You can make use of these columns with commands like `cut`. For example, you can print only the first column of a file:

In [4]:
%%bash
# try running this cell in the notebook!
cut -f1 identifiers.txt | head

Drosophila melanogaster
Drosophila melanogaster
Drosophila melanogaster
Drosophila melanogaster
Drosophila melanogaster
Drosophila melanogaster
Drosophila melanogaster
Drosophila melanogaster
Drosophila melanogaster
Drosophila melanogaster


In another use case you can use cut with a delimiter of your choice, creating completely new columns!

In [3]:
%%bash
cut -d"_" -f1,3 identifiers.txt | head

Drosophila melanogaster	drome_14401
Drosophila melanogaster	drome_14402
Drosophila melanogaster	drome_14403
Drosophila melanogaster	drome_14407
Drosophila melanogaster	drome_14408
Drosophila melanogaster	drome_1440
Drosophila melanogaster	drome_14410
Drosophila melanogaster	drome_14412
Drosophila melanogaster	drome_14413
Drosophila melanogaster	drome_14415


## How many of you are there?

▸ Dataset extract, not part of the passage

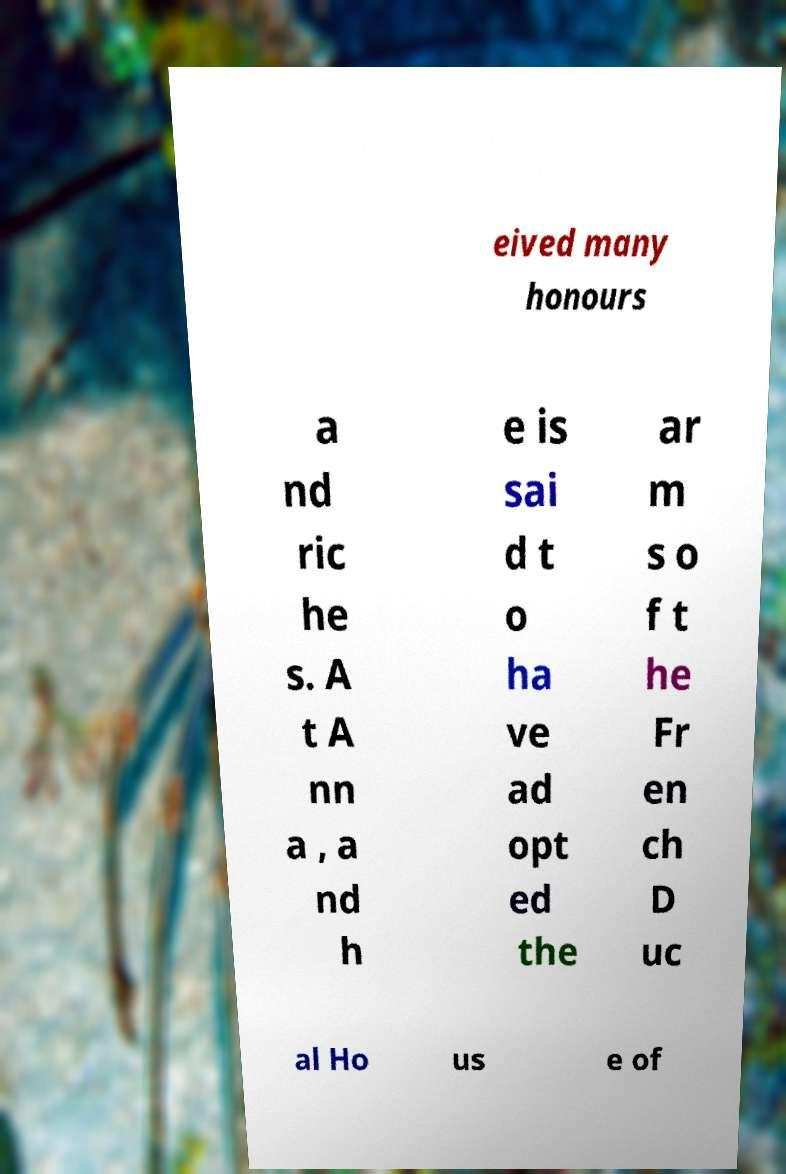There's text embedded in this image that I need extracted. Can you transcribe it verbatim? eived many honours a nd ric he s. A t A nn a , a nd h e is sai d t o ha ve ad opt ed the ar m s o f t he Fr en ch D uc al Ho us e of

Testing uniqueness

BASH has a build in function for testing uniqueness `uniq`. Be careful though, `uniq` will only compare if two subsequent lines are exactly the same. Look at this example:

In [17]:
%%bash
echo "The file looks like this:"
cat example.txt

The file looks like this:
apple
apple
doctor
apple


In [18]:
%%bash
echo "This is not unique at all :("
cat example.txt | uniq

This is not unique at all :(
apple
doctor
apple


You can get around this by sorting the elements of your file first:

In [19]:
%%bash
cat example.txt | sort | uniq

apple
doctor


In [20]:
%%bash
# this also works and involves less typing
cat example.txt | sort -u

apple
doctor


In [21]:
%%bash
# if you want to count how many duplicates are in your file, you need to use uniq though
cat example.txt | sort | uniq -c

      3 apple
      1 doctor


One last thing on sorting numbers: computer count in weird way, if you want to sort numbers in a numeric way use `sort -g`. The g stands for "general numeric"

## Tasks

1. How many different species are in the file?

2. How many identifiers are there for each species?

3. How many unique identifiers are in the file for each species?